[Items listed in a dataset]
%%

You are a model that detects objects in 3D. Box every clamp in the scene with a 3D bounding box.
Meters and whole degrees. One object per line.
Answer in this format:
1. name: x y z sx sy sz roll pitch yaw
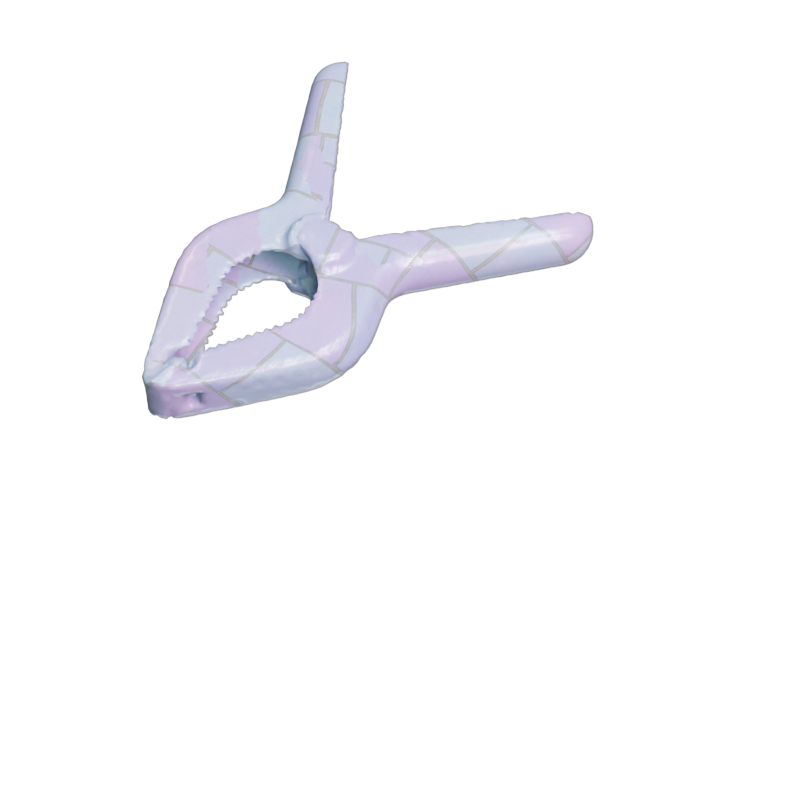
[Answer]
1. clamp: -0.040 -0.072 0.505 0.211 0.175 0.034 -35 -29 -24
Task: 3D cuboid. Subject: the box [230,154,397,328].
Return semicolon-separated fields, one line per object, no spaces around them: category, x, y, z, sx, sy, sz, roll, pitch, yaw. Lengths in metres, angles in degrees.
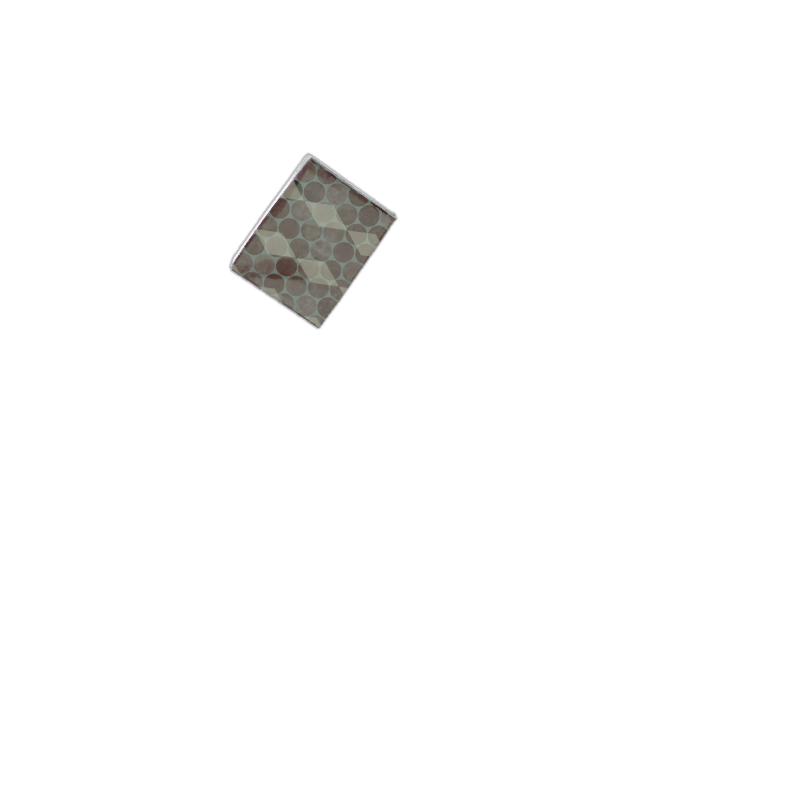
box;-0.071;-0.129;0.900;0.089;0.112;0.040;36;8;-7

%%

**What is required:** Output the data exactly as it appears. The pictures do not belong in it.

**Exercise output:**
You are a model that detects objects in 3D. Box every clamp in the scene with a 3D bounding box.
Meters and whole degrees. One object per line.
Answer in this format:
1. name: x y z sx sy sz roll pitch yaw
[Answer]
1. clamp: -0.040 -0.072 0.505 0.211 0.175 0.034 -35 -29 -24
Task: 3D cuboid. Subject: the box [230,154,397,328].
Return semicolon-separated fields, one line per object, no spaces around them: category, x, y, z, sx, sy, sz, roll, pitch, yaw. Lengths in metres, angles in degrees.
box;-0.071;-0.129;0.900;0.089;0.112;0.040;36;8;-7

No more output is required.